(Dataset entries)
-----
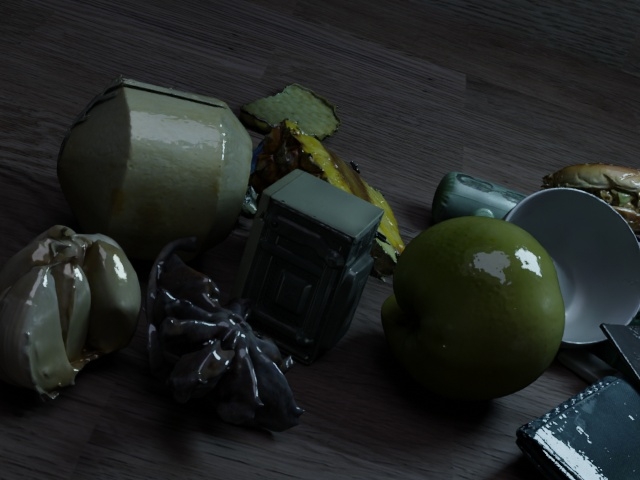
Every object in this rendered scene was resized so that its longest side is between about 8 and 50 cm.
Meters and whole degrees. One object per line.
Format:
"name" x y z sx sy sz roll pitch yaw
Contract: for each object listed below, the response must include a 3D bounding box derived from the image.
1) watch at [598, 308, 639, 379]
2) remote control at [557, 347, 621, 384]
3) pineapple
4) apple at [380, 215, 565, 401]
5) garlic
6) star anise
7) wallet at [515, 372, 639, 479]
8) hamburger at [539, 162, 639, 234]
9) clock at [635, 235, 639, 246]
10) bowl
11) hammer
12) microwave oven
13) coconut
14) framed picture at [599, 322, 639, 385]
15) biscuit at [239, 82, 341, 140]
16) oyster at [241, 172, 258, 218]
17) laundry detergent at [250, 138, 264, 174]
"watch" 0.601 0.191 2.167 0.195 0.068 0.237 32 30 24
"remote control" 0.521 0.262 2.041 0.261 0.029 0.067 35 32 32
"pineapple" 0.001 0.002 2.011 0.344 0.209 0.286 36 23 -45
"apple" 0.235 0.108 1.867 0.254 0.292 0.292 -11 39 -26
"garlic" -0.367 0.077 1.648 0.184 0.203 0.281 16 26 33
"star anise" -0.153 0.152 1.703 0.316 0.139 0.359 51 18 -3
"wallet" 0.460 0.333 1.832 0.237 0.075 0.342 41 33 24
"hamburger" 0.603 -0.081 2.512 0.285 0.146 0.243 1 -10 27
"clock" 0.555 0.061 2.349 0.247 0.090 0.228 9 29 -16
"bowl" 0.420 0.061 2.136 0.286 0.144 0.287 4 73 -14
"hammer" 0.310 0.001 2.296 0.206 0.119 0.336 17 35 -3
"microwave oven" -0.022 0.045 1.863 0.193 0.241 0.145 28 29 16
"coconut" -0.277 -0.115 1.939 0.322 0.323 0.323 15 29 -8
"framed picture" 0.628 0.264 1.990 0.244 0.013 0.324 6 41 -35
"biscuit" -0.049 -0.271 2.616 0.187 0.036 0.273 30 29 19
"oyster" -0.244 -0.116 2.163 0.252 0.087 0.199 -7 47 -18
"laundry detergent" -0.076 -0.141 2.308 0.143 0.094 0.290 11 28 5
-----
Please give again the lines above between the line holding "Contract: for each" and the line holding "16) oyster at [241, 172, 258, 218]", inclusive, exactly as they are and with nothing added.

Contract: for each object listed below, the response must include a 3D bounding box derived from the image.
1) watch at [598, 308, 639, 379]
2) remote control at [557, 347, 621, 384]
3) pineapple
4) apple at [380, 215, 565, 401]
5) garlic
6) star anise
7) wallet at [515, 372, 639, 479]
8) hamburger at [539, 162, 639, 234]
9) clock at [635, 235, 639, 246]
10) bowl
11) hammer
12) microwave oven
13) coconut
14) framed picture at [599, 322, 639, 385]
15) biscuit at [239, 82, 341, 140]
16) oyster at [241, 172, 258, 218]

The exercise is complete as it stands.